Alaska 737 Biofuel (Boeing)(LRW)

Alaska Airlines (Seattle/Tacoma), the Port of Seattle and Boeing (Chicago, Seattle and Charleston) are partnering to move toward a significant environmental goal: powering all flights by all airlines at Seattle-Tacoma International Airport with sustainable aviation biofuel. SeaTac is the first U.S. airport to lay out a long-term roadmap to incorporate aviation biofuel into its infrastructure in a cost-effective, efficient manner.

Alaska Fuel Farm SEA (Boeing)(LRW)

At the SeaTac fuel farm (above) today, executives for the port, Alaska Airlines, and Boeing signed a Memorandum of Understanding (MOU) to launch a $250,000 Biofuel Infrastructure Feasibility Study that will assess costs and infrastructure necessary to deliver a blend of aviation biofuel and conventional jet fuel to aircraft at Sea-Tac, a crucial step toward routine biofuel use in the future.

The partners’ longer-term plan is to incorporate significant quantities of biofuel into SeaTac’s fuel infrastructure, which is used by all 26 airlines and more than 380,000 flights annually at the airport. SeaTac is the 13th busiest airport in the U.S. and will serve over 42 million domestic and international passengers this year.
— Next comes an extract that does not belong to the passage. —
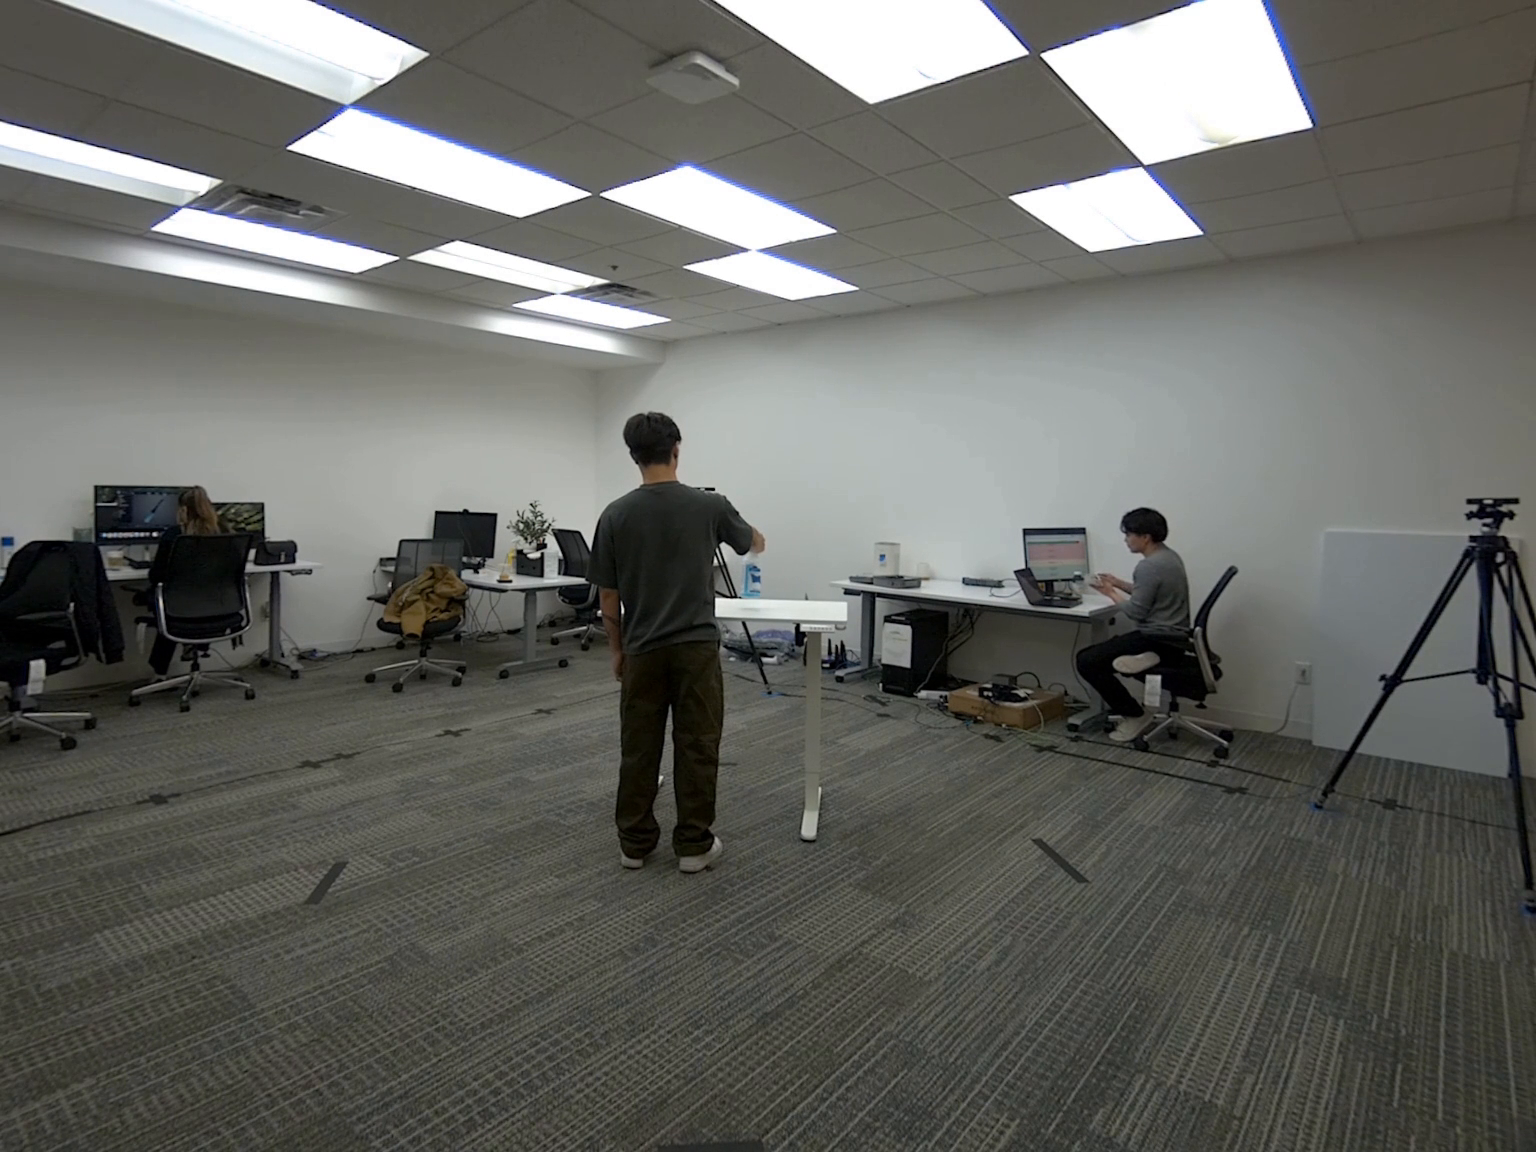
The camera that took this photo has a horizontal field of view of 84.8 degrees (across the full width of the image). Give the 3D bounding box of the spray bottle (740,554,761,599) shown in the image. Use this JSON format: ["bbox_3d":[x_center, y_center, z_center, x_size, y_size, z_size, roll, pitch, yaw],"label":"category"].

Joe Sprague, senior vice president of communications and external relations for Alaska Airlines, Sea-Tac’s largest carrier and leader of the airport’s fueling consortium, said the airline wants to incorporate biofuel into flight operations at one or more of its hubs by 2020, with SeaTac as a first choice for the Seattle-based airline.

The Port of Seattle will manage the $250,000 study as the biofuel roadmapping process and, as SeaTac Airport’s governing authority, would handle the engineering and integration of biofuel infrastructure on Port property such as the airport’s fuel farm. An RFP for the infrastructure study will be issued in the spring of 2016, and the study is expected to be completed by late 2016. Currently, aviation biofuels are not produced in Washington state and must be imported by truck, rail or barge.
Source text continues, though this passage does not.